3. Heat is given off when hydrogen burns in air according to  the equation: H2 + O2 → 2H2O. Which of the following is  responsible for the heat? [39]
 a. Breaking the bonds in H2 and O2 gives off energy. (60%)
 b. Forming bonds to make H2O gives off energy. (16%)
 c. Both a) and b) above are responsible for the heat. (12%)
 d. Breaking bonds in O2 is responsible for the heat because they are stronger than bonds in H2. (13%)
11. Which statement about the breaking of a single chemical bond is true?
 a. Energy is released. (84%)
 b. Energy is absorbed. (6%)
 c. Energy is released or absorbed depending on the polarity of the bond being broken. (2%)
 d. Energy is released or absorbed depending on the strength of the bond being broken. (8%)
18. Which statement is always correct about the energy changes that occur during bond formation? (Cooper and Klymkowski, personal communication)
 a. Depending on the relative electronegativities of the atoms making the bond, energy may be released or absorbed during bond formation. (10%)
 b. During bond formation, energy has to be added and will be restored in the form of a bond. (77%)
 c. Bond formation releases energy to the surroundings. (8%)
 d. The strength of the bond determines whether energy is absorbed or released during bond formation. (6%)


A method for the development of an instrument based on typical incorrect ideas from general chemistry and biology that students have when entering biochemistry has been described. This method includes different measurement aspects to ensure that we are developing an instrument that will produce valid and reliable scores for our intended usage with biochemistry students. One aspect was content validity, which includes the development of the items to be tested. Another aspect was construct validity as measured by CFA and reliability as measured by the internal consistency of the scores using Cronbach's alpha coefficient.

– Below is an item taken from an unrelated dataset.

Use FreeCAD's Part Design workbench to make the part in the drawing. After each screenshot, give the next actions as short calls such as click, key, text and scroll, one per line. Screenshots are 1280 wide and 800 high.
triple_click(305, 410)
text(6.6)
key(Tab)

The instrument tested consists of 24 multiple-choice items representing eight distinct concepts: bond energy, free energy, London dispersion forces, pH/pKa, hydrogen bonding, alpha helix, amino acid, and protein function. Each concept is represented by three items that allows us to draw conclusions based on the pattern of the students' answers. Results obtained from a CFA indicated that an eight-factor solution had an excellent fit since values for the different fit indices, CFI, and WRMR, are within the established cutoffs values including a nonsignificant χ2. Cronbach's alpha coefficient for each concept was calculated, and the results indicated low values for three concepts: hydrogen bonding, amino acids, and protein function. Since this method is an iterative one, the next step for the instrument will be tightening the parallel structure of the items within these concepts and re-reviewing its content validity. Finally, the instrument will be used as a pre/post-test to assess gains in student understanding of foundational concepts in chemistry and biology over the course of learning biochemistry in the context of the POGIL Biochem: Advancing Active Learning Approaches in Biochemistry project. Future work will focus on analysis of pre/post-test results as well as strategies that instructors can use to address students' incorrect ideas.

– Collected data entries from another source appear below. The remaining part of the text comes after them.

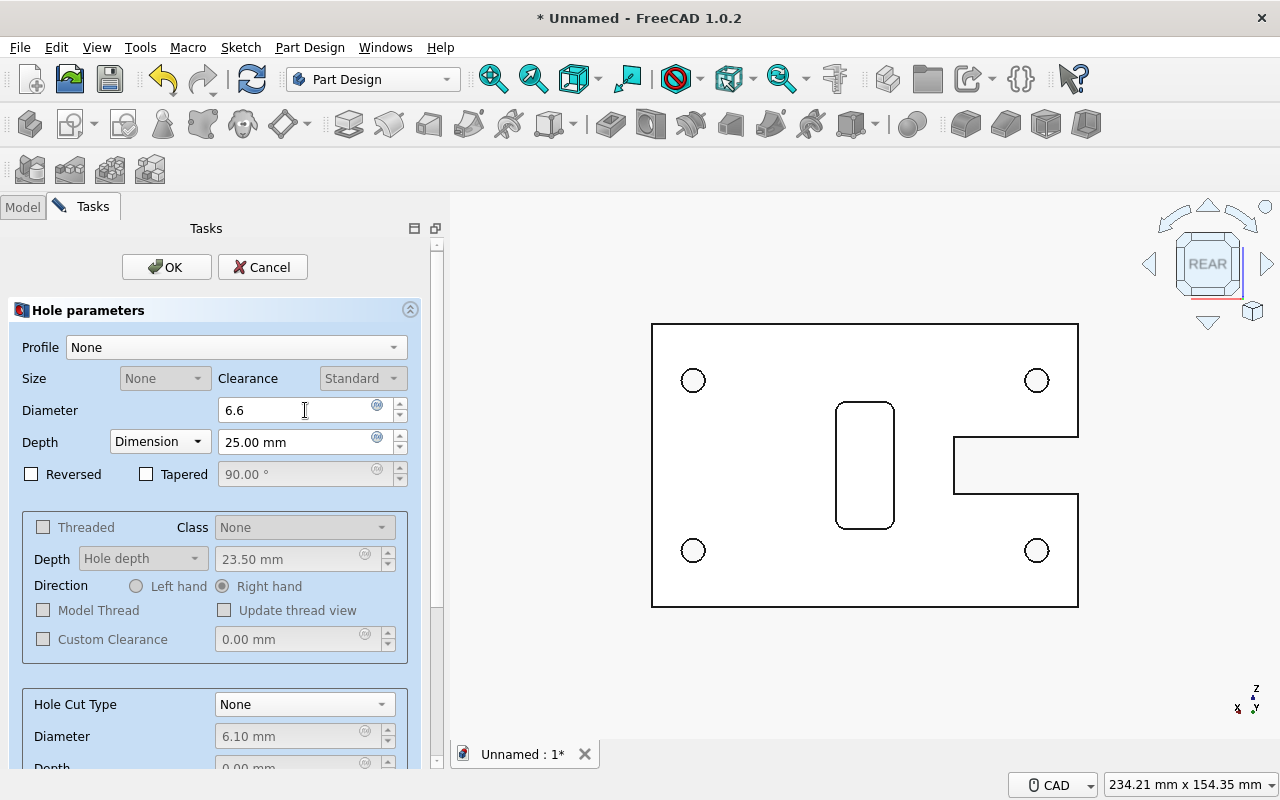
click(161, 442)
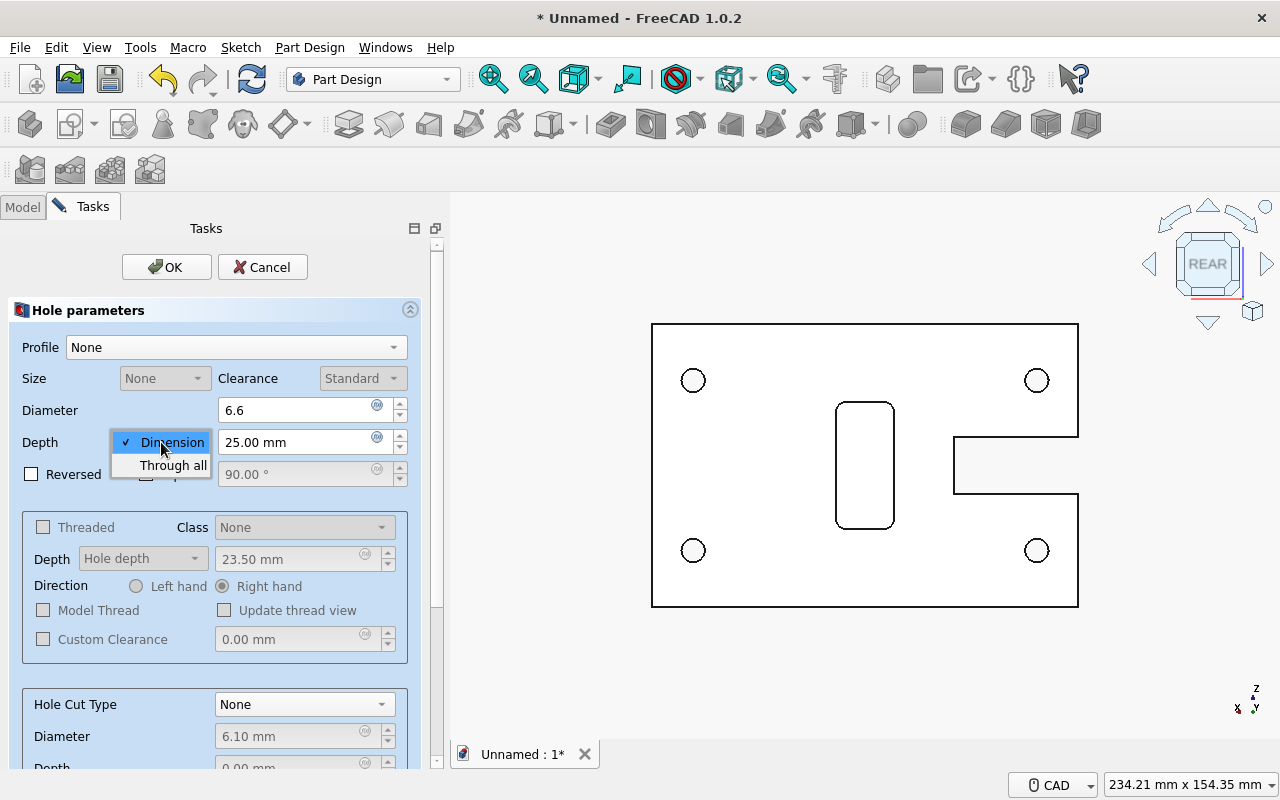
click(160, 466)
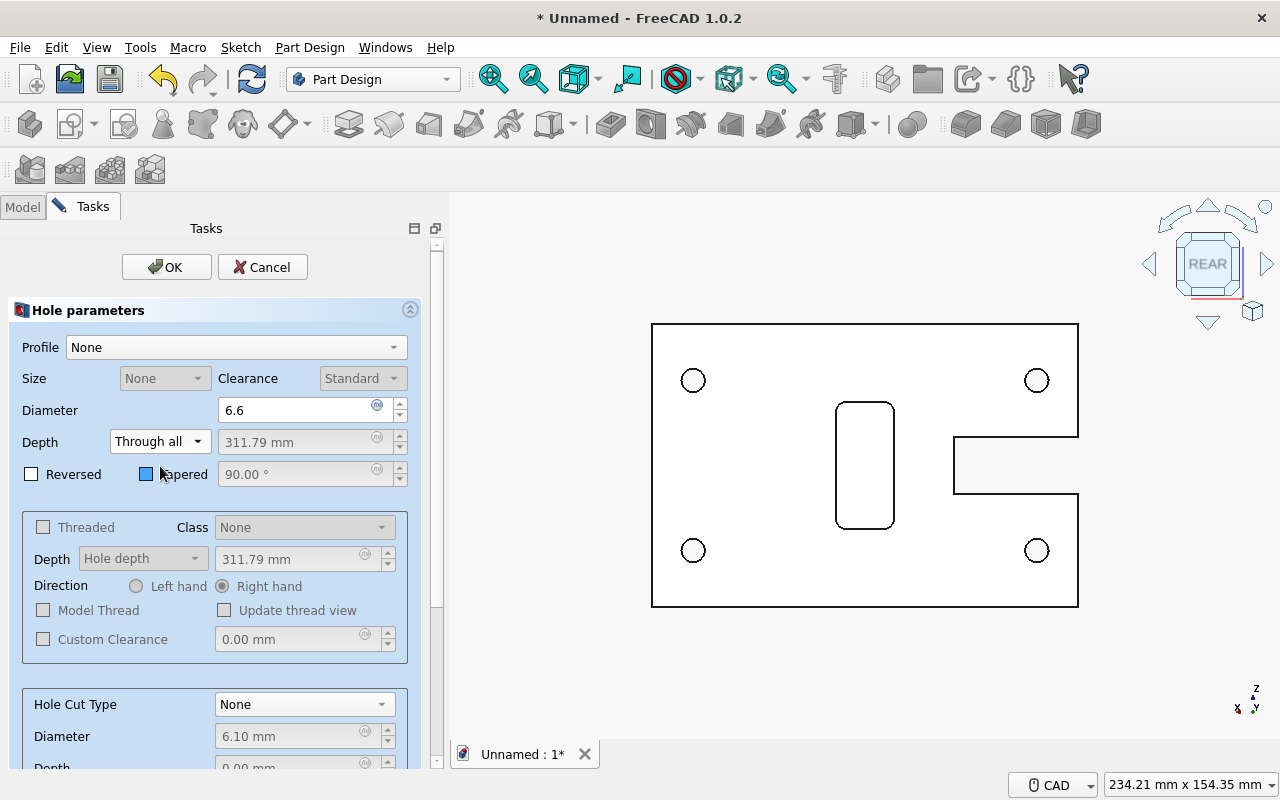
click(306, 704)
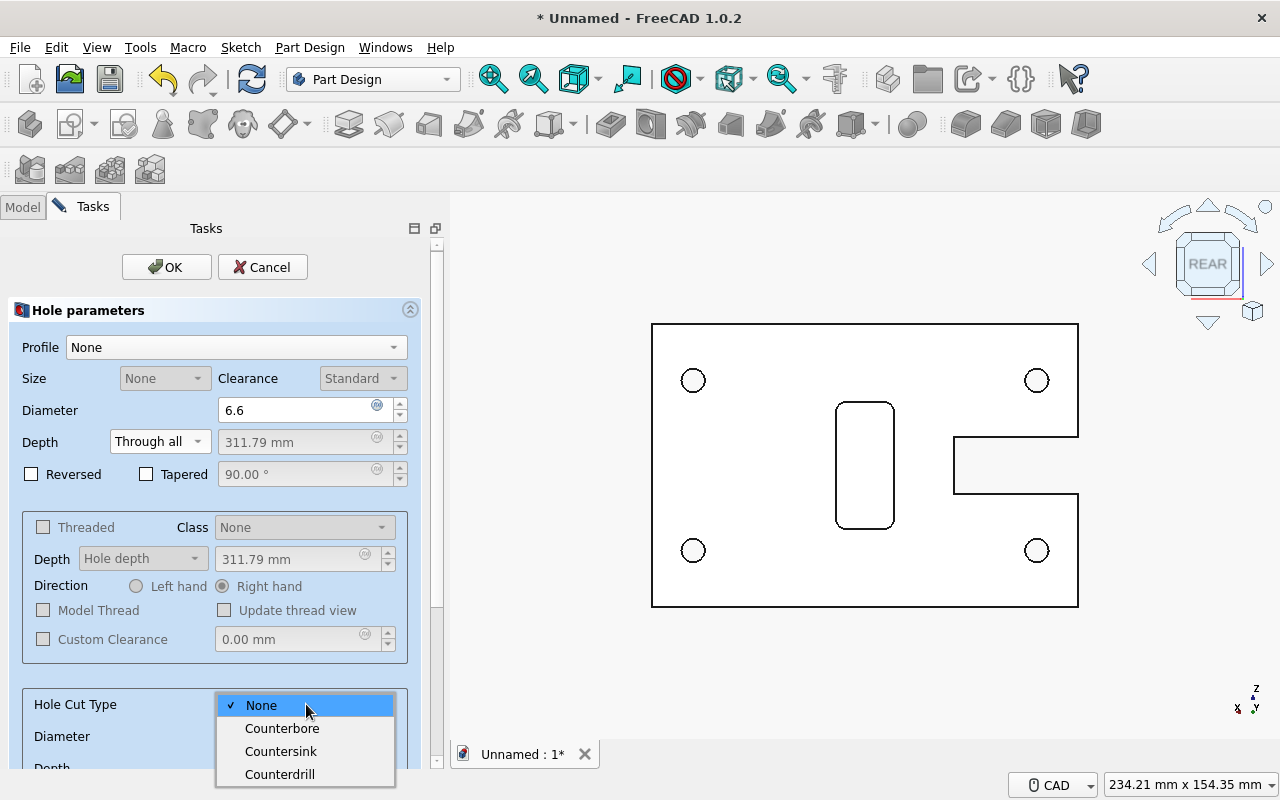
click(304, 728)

The process of instrument design described here demonstrates that a systematic plan for instrument construction combined with rigorous, iterative analyses, can produce an assessment instrument that functions well according to psychometric standards. Our experience also illustrates the challenges inherent in creation of an instrument. Reflecting on the process, two keys to our success stand out: 1) creation of explicit structure to guide writing of multiple-choice questions and 2) help of a relatively large number of experienced biochemistry instructors in writing instrument items. Therefore, in addition to generating a useful assessment instrument, we hope that our method of instrument development will be generalizable and serve as a model for design of instruments useful to biochemistry educators in the future.